* [What you have to do]: Repeat the entries below word for word, though any picture in them should be dropped.

== Provided material ==

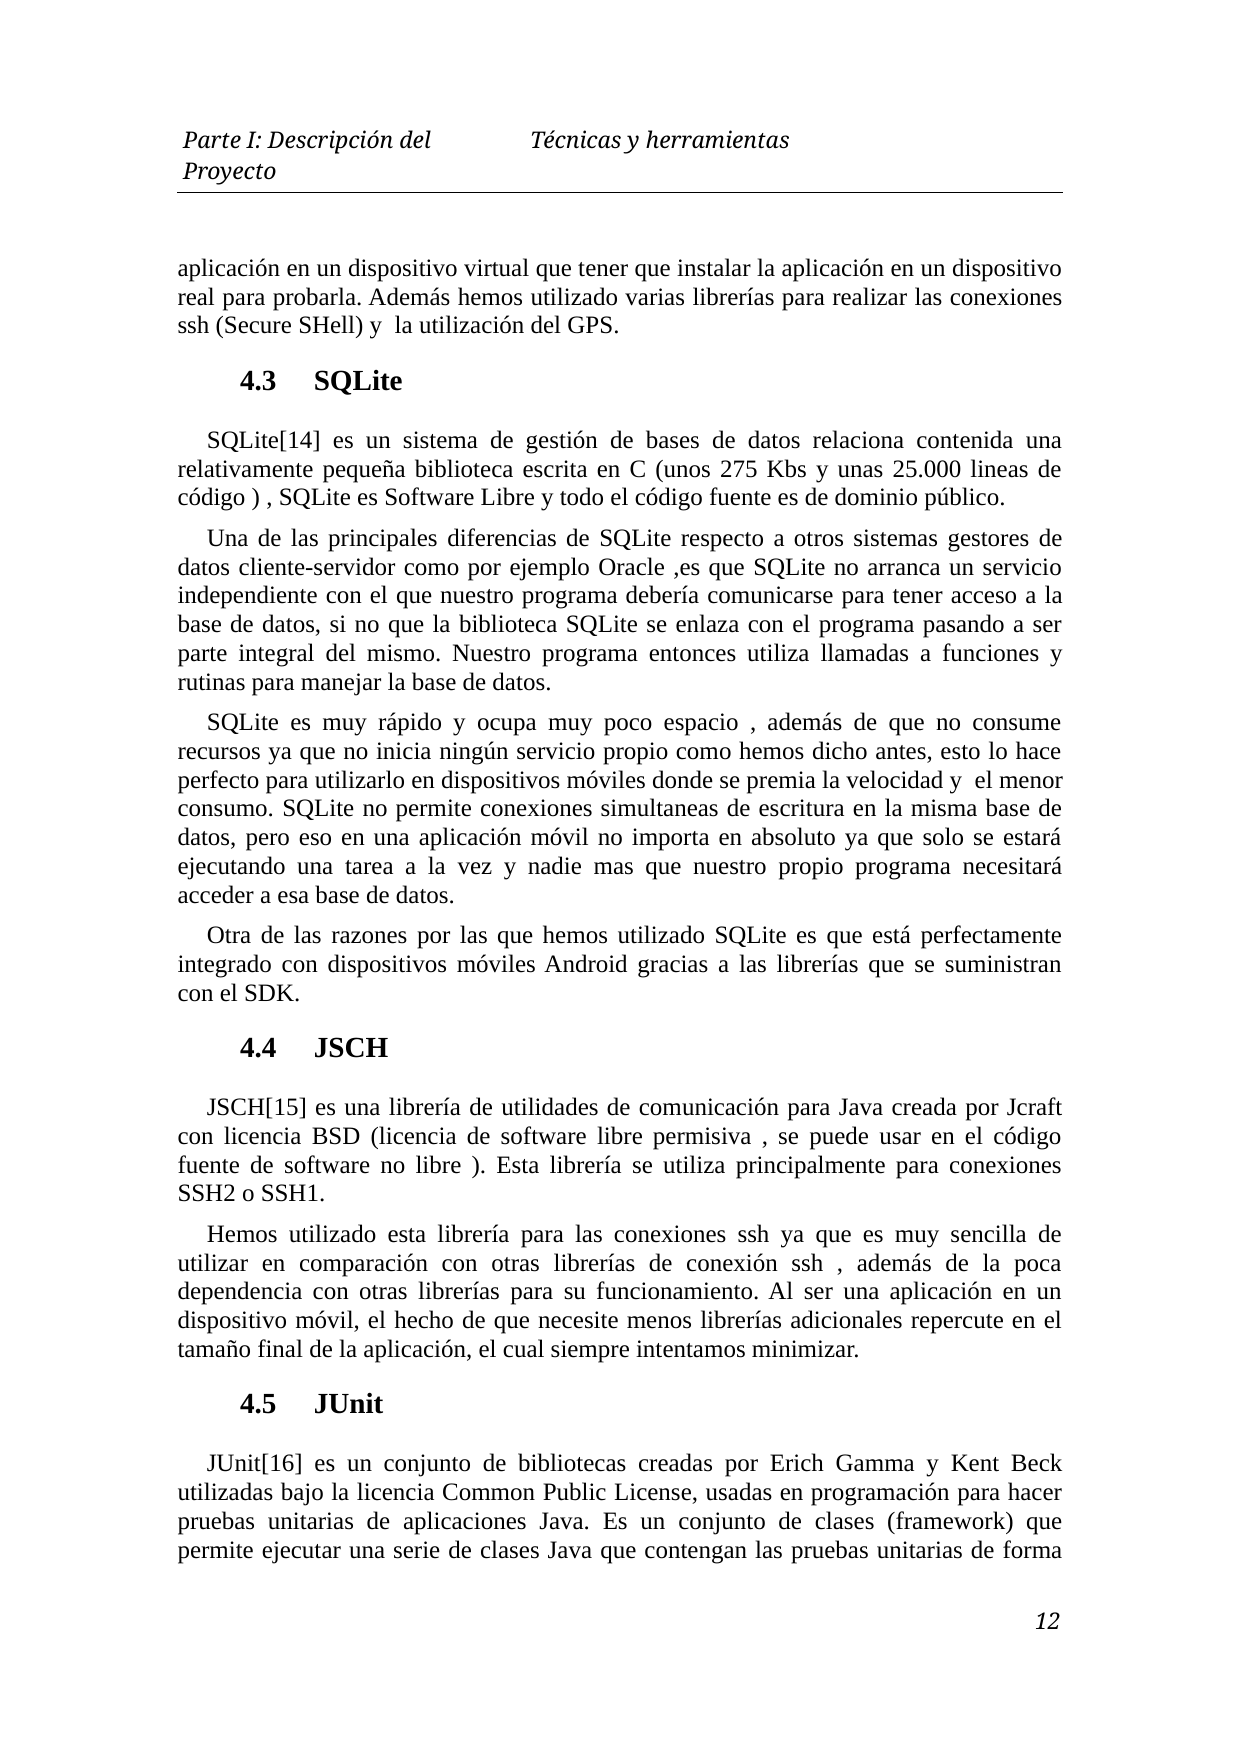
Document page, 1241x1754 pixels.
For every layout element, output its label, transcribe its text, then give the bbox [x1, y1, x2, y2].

subtitle JUnit [240, 1386, 1063, 1420]
text SQLite es muy rápido y ocupa muy poco espacio , además de que no consume recursos ya que no inicia ningún servicio propio como hemos dicho antes, esto lo hace perfecto para utilizarlo en dispositivos móviles donde se premia la velocidad y el menor consumo. SQLite no permite conexiones simultaneas de escritura en la misma base de datos, pero eso en una aplicación móvil no importa en absoluto ya que solo se estará ejecutando una tarea a la vez y nadie mas que nuestro propio programa necesitará acceder a esa base de datos. [177, 707, 1063, 908]
text Otra de las razones por las que hemos utilizado SQLite es que está perfectamente integrado con dispositivos móviles Android gracias a las librerías que se suministran con el SDK. [177, 920, 1063, 1006]
text JUnit[16] es un conjunto de bibliotecas creadas por Erich Gamma y Kent Beck utilizadas bajo la licencia Common Public License, usadas en programación para hacer pruebas unitarias de aplicaciones Java. Es un conjunto de clases (framework) que permite ejecutar una serie de clases Java que contengan las pruebas unitarias de forma [177, 1448, 1063, 1563]
subtitle JSCH [240, 1030, 1063, 1063]
text SQLite[14] es un sistema de gestión de bases de datos relaciona contenida una relativamente pequeña biblioteca escrita en C (unos 275 Kbs y unas 25.000 lineas de código ) , SQLite es Software Libre y todo el código fuente es de dominio público. [177, 425, 1063, 511]
text aplicación en un dispositivo virtual que tener que instalar la aplicación en un dispositivo real para probarla. Además hemos utilizado varias librerías para realizar las conexiones ssh (Secure SHell) y la utilización del GPS. [177, 253, 1063, 339]
text Hemos utilizado esta librería para las conexiones ssh ya que es muy sencilla de utilizar en comparación con otras librerías de conexión ssh , además de la poca dependencia con otras librerías para su funcionamiento. Al ser una aplicación en un dispositivo móvil, el hecho de que necesite menos librerías adicionales repercute en el tamaño final de la aplicación, el cual siempre intentamos minimizar. [177, 1219, 1063, 1363]
subtitle SQLite [240, 363, 1063, 396]
text JSCH[15] es una librería de utilidades de comunicación para Java creada por Jcraft con licencia BSD (licencia de software libre permisiva , se puede usar en el código fuente de software no libre ). Esta librería se utiliza principalmente para conexiones SSH2 o SSH1. [177, 1092, 1063, 1207]
text Una de las principales diferencias de SQLite respecto a otros sistemas gestores de datos cliente-servidor como por ejemplo Oracle ,es que SQLite no arranca un servicio independiente con el que nuestro programa debería comunicarse para tener acceso a la base de datos, si no que la biblioteca SQLite se enlaza con el programa pasando a ser parte integral del mismo. Nuestro programa entonces utiliza llamadas a funciones y rutinas para manejar la base de datos. [177, 523, 1063, 695]
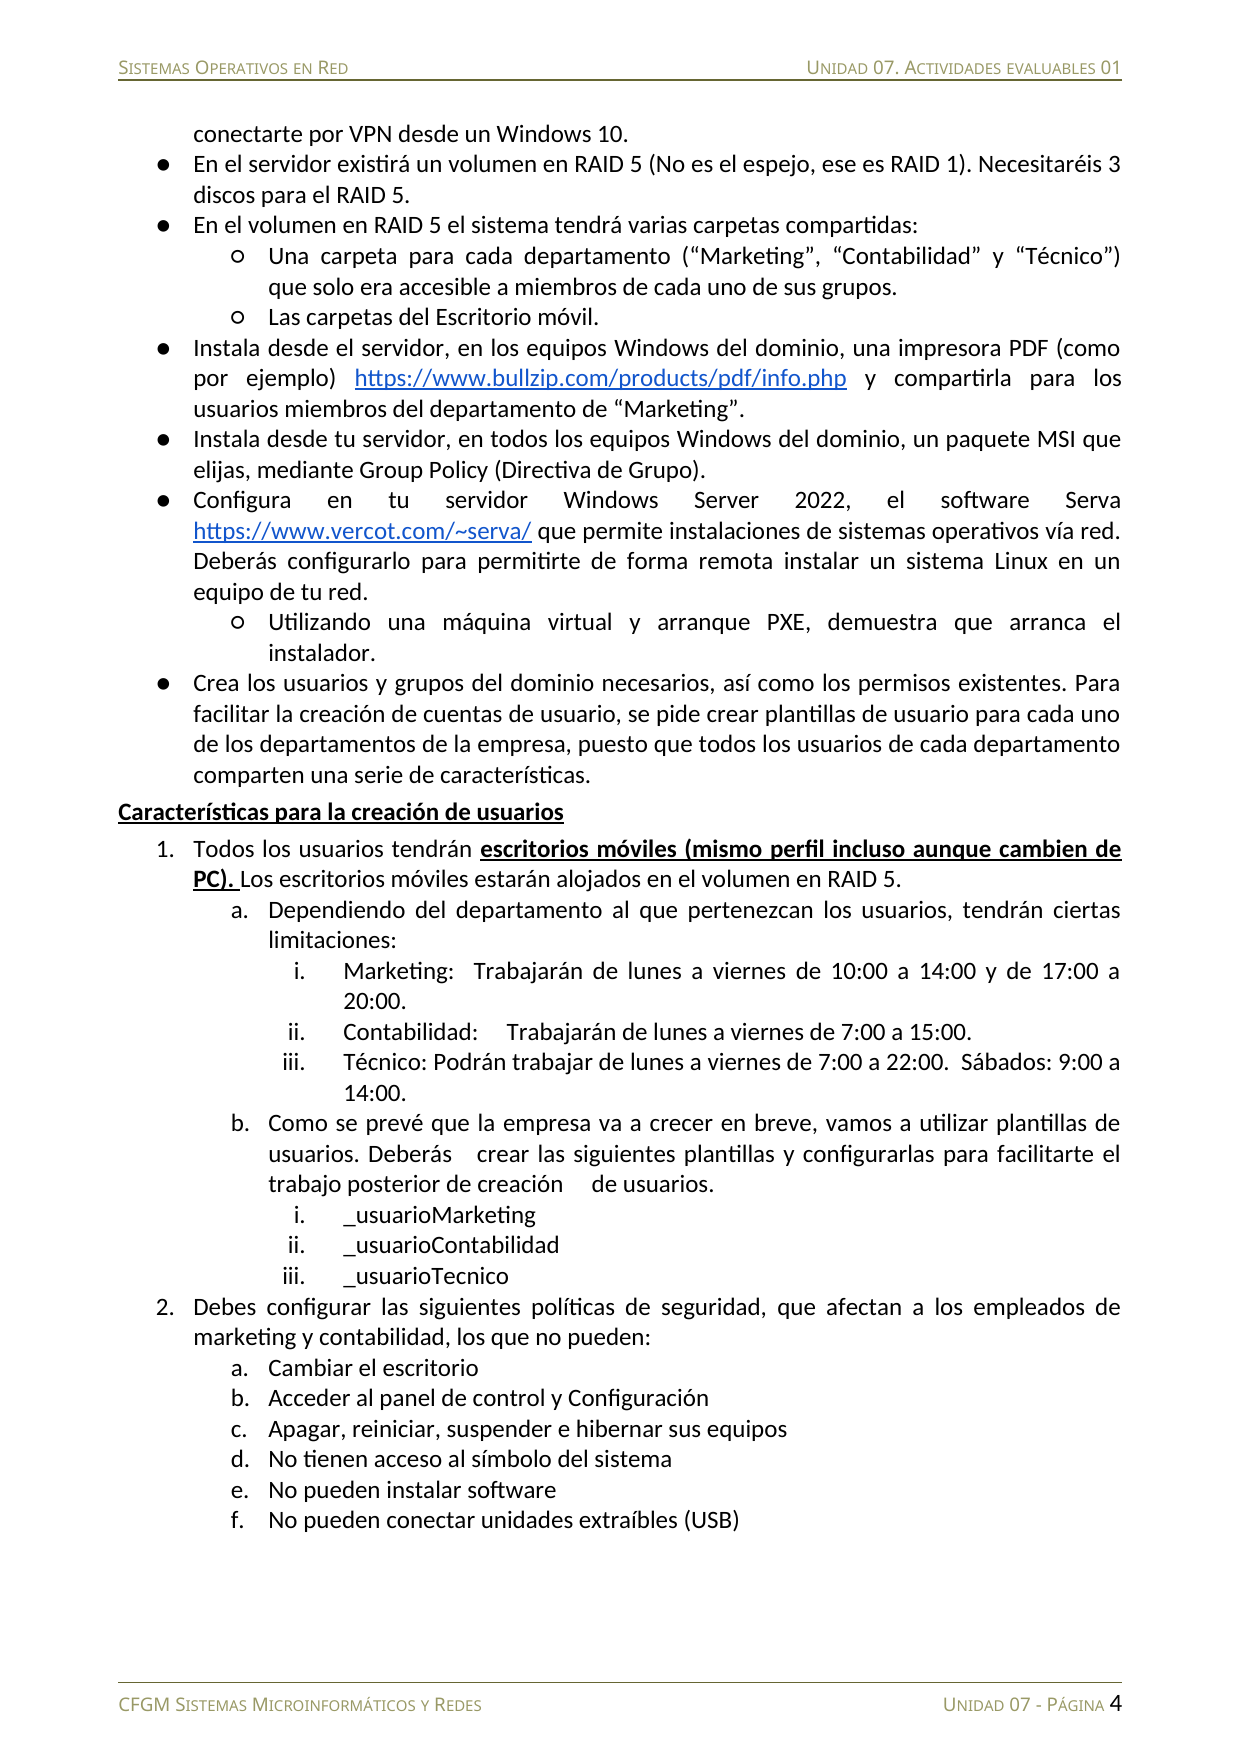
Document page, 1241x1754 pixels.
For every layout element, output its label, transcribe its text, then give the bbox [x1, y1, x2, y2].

list Debes configurar las siguientes políticas de seguridad, que afectan a los empleados de marketing y contabilidad, los que no pueden: [156, 1291, 1122, 1352]
list Técnico: Podrán trabajar de lunes a viernes de 7:00 a 22:00. Sábados: 9:00 a 14:00. [306, 1047, 1122, 1108]
text Características para la creación de usuarios [118, 796, 1122, 826]
list conectarte por VPN desde un Windows 10. [156, 118, 1122, 148]
list Utilizando una máquina virtual y arranque PXE, demuestra que arranca el instalador. [231, 606, 1122, 667]
list Instala desde tu servidor, en todos los equipos Windows del dominio, un paquete MSI que elijas, mediante Group Policy (Directiva de Grupo). [156, 423, 1122, 484]
list _usuarioContabilidad [306, 1230, 1122, 1260]
list Una carpeta para cada departamento (“Marketing”, “Contabilidad” y “Técnico”) que solo era accesible a miembros de cada uno de sus grupos. [231, 240, 1122, 301]
list Cambiar el escritorio [231, 1352, 1122, 1382]
list Crea los usuarios y grupos del dominio necesarios, así como los permisos existentes. Para facilitar la creación de cuentas de usuario, se pide crear plantillas de usuario para cada uno de los departamentos de la empresa, puesto que todos los usuarios de cada departamento comparten una serie de características. [156, 667, 1122, 789]
list _usuarioTecnico [306, 1260, 1122, 1291]
list No pueden conectar unidades extraíbles (USB) [231, 1504, 1122, 1535]
list Todos los usuarios tendrán escritorios móviles (mismo perfil incluso aunque cambien de PC). Los escritorios móviles estarán alojados en el volumen en RAID 5. [156, 833, 1122, 894]
list Acceder al panel de control y Configuración [231, 1382, 1122, 1413]
list Como se prevé que la empresa va a crecer en breve, vamos a utilizar plantillas de usuarios. Deberás crear las siguientes plantillas y configurarlas para facilitarte el trabajo posterior de creación de usuarios. [231, 1108, 1122, 1199]
list Marketing: Trabajarán de lunes a viernes de 10:00 a 14:00 y de 17:00 a 20:00. [306, 955, 1122, 1016]
list No tienen acceso al símbolo del sistema [231, 1443, 1122, 1474]
list No pueden instalar software [231, 1474, 1122, 1504]
list En el servidor existirá un volumen en RAID 5 (No es el espejo, ese es RAID 1). Necesitaréis 3 discos para el RAID 5. [156, 148, 1122, 209]
list _usuarioMarketing [306, 1199, 1122, 1230]
list En el volumen en RAID 5 el sistema tendrá varias carpetas compartidas: [156, 209, 1122, 240]
list Instala desde el servidor, en los equipos Windows del dominio, una impresora PDF (como por ejemplo) https://www.bullzip.com/products/pdf/info.php y compartirla para los usuarios miembros del departamento de “Marketing”. [156, 332, 1122, 423]
list Contabilidad: Trabajarán de lunes a viernes de 7:00 a 15:00. [306, 1016, 1122, 1047]
list Dependiendo del departamento al que pertenezcan los usuarios, tendrán ciertas limitaciones: [231, 894, 1122, 955]
list Configura en tu servidor Windows Server 2022, el software Serva https://www.vercot.com/~serva/ que permite instalaciones de sistemas operativos vía red. Deberás configurarlo para permitirte de forma remota instalar un sistema Linux en un equipo de tu red. [156, 484, 1122, 606]
list Apagar, reiniciar, suspender e hibernar sus equipos [231, 1413, 1122, 1443]
list Las carpetas del Escritorio móvil. [231, 301, 1122, 332]

===

* [Completed exercise]:
Document page, 1241x1754 pixels.
For every layout element, output its label, transcribe its text, then give the bbox [x1, y1, x2, y2].

subtitle JUnit [240, 1386, 1063, 1420]
text SQLite es muy rápido y ocupa muy poco espacio , además de que no consume recursos ya que no inicia ningún servicio propio como hemos dicho antes, esto lo hace perfecto para utilizarlo en dispositivos móviles donde se premia la velocidad y el menor consumo. SQLite no permite conexiones simultaneas de escritura en la misma base de datos, pero eso en una aplicación móvil no importa en absoluto ya que solo se estará ejecutando una tarea a la vez y nadie mas que nuestro propio programa necesitará acceder a esa base de datos. [177, 707, 1063, 908]
text Otra de las razones por las que hemos utilizado SQLite es que está perfectamente integrado con dispositivos móviles Android gracias a las librerías que se suministran con el SDK. [177, 920, 1063, 1006]
text JUnit[16] es un conjunto de bibliotecas creadas por Erich Gamma y Kent Beck utilizadas bajo la licencia Common Public License, usadas en programación para hacer pruebas unitarias de aplicaciones Java. Es un conjunto de clases (framework) que permite ejecutar una serie de clases Java que contengan las pruebas unitarias de forma [177, 1448, 1063, 1563]
subtitle JSCH [240, 1030, 1063, 1063]
text SQLite[14] es un sistema de gestión de bases de datos relaciona contenida una relativamente pequeña biblioteca escrita en C (unos 275 Kbs y unas 25.000 lineas de código ) , SQLite es Software Libre y todo el código fuente es de dominio público. [177, 425, 1063, 511]
text aplicación en un dispositivo virtual que tener que instalar la aplicación en un dispositivo real para probarla. Además hemos utilizado varias librerías para realizar las conexiones ssh (Secure SHell) y la utilización del GPS. [177, 253, 1063, 339]
text Hemos utilizado esta librería para las conexiones ssh ya que es muy sencilla de utilizar en comparación con otras librerías de conexión ssh , además de la poca dependencia con otras librerías para su funcionamiento. Al ser una aplicación en un dispositivo móvil, el hecho de que necesite menos librerías adicionales repercute en el tamaño final de la aplicación, el cual siempre intentamos minimizar. [177, 1219, 1063, 1363]
subtitle SQLite [240, 363, 1063, 396]
text JSCH[15] es una librería de utilidades de comunicación para Java creada por Jcraft con licencia BSD (licencia de software libre permisiva , se puede usar en el código fuente de software no libre ). Esta librería se utiliza principalmente para conexiones SSH2 o SSH1. [177, 1092, 1063, 1207]
text Una de las principales diferencias de SQLite respecto a otros sistemas gestores de datos cliente-servidor como por ejemplo Oracle ,es que SQLite no arranca un servicio independiente con el que nuestro programa debería comunicarse para tener acceso a la base de datos, si no que la biblioteca SQLite se enlaza con el programa pasando a ser parte integral del mismo. Nuestro programa entonces utiliza llamadas a funciones y rutinas para manejar la base de datos. [177, 523, 1063, 695]
Document page, 1241x1754 pixels.
For every layout element, output its label, transcribe its text, then give the bbox [x1, y1, x2, y2].

list Debes configurar las siguientes políticas de seguridad, que afectan a los empleados de marketing y contabilidad, los que no pueden: [156, 1291, 1122, 1352]
list Técnico: Podrán trabajar de lunes a viernes de 7:00 a 22:00. Sábados: 9:00 a 14:00. [306, 1047, 1122, 1108]
text Características para la creación de usuarios [118, 796, 1122, 826]
list conectarte por VPN desde un Windows 10. [156, 118, 1122, 148]
list Utilizando una máquina virtual y arranque PXE, demuestra que arranca el instalador. [231, 606, 1122, 667]
list Instala desde tu servidor, en todos los equipos Windows del dominio, un paquete MSI que elijas, mediante Group Policy (Directiva de Grupo). [156, 423, 1122, 484]
list _usuarioContabilidad [306, 1230, 1122, 1260]
list Una carpeta para cada departamento (“Marketing”, “Contabilidad” y “Técnico”) que solo era accesible a miembros de cada uno de sus grupos. [231, 240, 1122, 301]
list Cambiar el escritorio [231, 1352, 1122, 1382]
list Crea los usuarios y grupos del dominio necesarios, así como los permisos existentes. Para facilitar la creación de cuentas de usuario, se pide crear plantillas de usuario para cada uno de los departamentos de la empresa, puesto que todos los usuarios de cada departamento comparten una serie de características. [156, 667, 1122, 789]
list _usuarioTecnico [306, 1260, 1122, 1291]
list No pueden conectar unidades extraíbles (USB) [231, 1504, 1122, 1535]
list Todos los usuarios tendrán escritorios móviles (mismo perfil incluso aunque cambien de PC). Los escritorios móviles estarán alojados en el volumen en RAID 5. [156, 833, 1122, 894]
list Acceder al panel de control y Configuración [231, 1382, 1122, 1413]
list Como se prevé que la empresa va a crecer en breve, vamos a utilizar plantillas de usuarios. Deberás crear las siguientes plantillas y configurarlas para facilitarte el trabajo posterior de creación de usuarios. [231, 1108, 1122, 1199]
list Marketing: Trabajarán de lunes a viernes de 10:00 a 14:00 y de 17:00 a 20:00. [306, 955, 1122, 1016]
list No tienen acceso al símbolo del sistema [231, 1443, 1122, 1474]
list No pueden instalar software [231, 1474, 1122, 1504]
list En el servidor existirá un volumen en RAID 5 (No es el espejo, ese es RAID 1). Necesitaréis 3 discos para el RAID 5. [156, 148, 1122, 209]
list _usuarioMarketing [306, 1199, 1122, 1230]
list En el volumen en RAID 5 el sistema tendrá varias carpetas compartidas: [156, 209, 1122, 240]
list Instala desde el servidor, en los equipos Windows del dominio, una impresora PDF (como por ejemplo) https://www.bullzip.com/products/pdf/info.php y compartirla para los usuarios miembros del departamento de “Marketing”. [156, 332, 1122, 423]
list Contabilidad: Trabajarán de lunes a viernes de 7:00 a 15:00. [306, 1016, 1122, 1047]
list Dependiendo del departamento al que pertenezcan los usuarios, tendrán ciertas limitaciones: [231, 894, 1122, 955]
list Configura en tu servidor Windows Server 2022, el software Serva https://www.vercot.com/~serva/ que permite instalaciones de sistemas operativos vía red. Deberás configurarlo para permitirte de forma remota instalar un sistema Linux en un equipo de tu red. [156, 484, 1122, 606]
list Apagar, reiniciar, suspender e hibernar sus equipos [231, 1413, 1122, 1443]
list Las carpetas del Escritorio móvil. [231, 301, 1122, 332]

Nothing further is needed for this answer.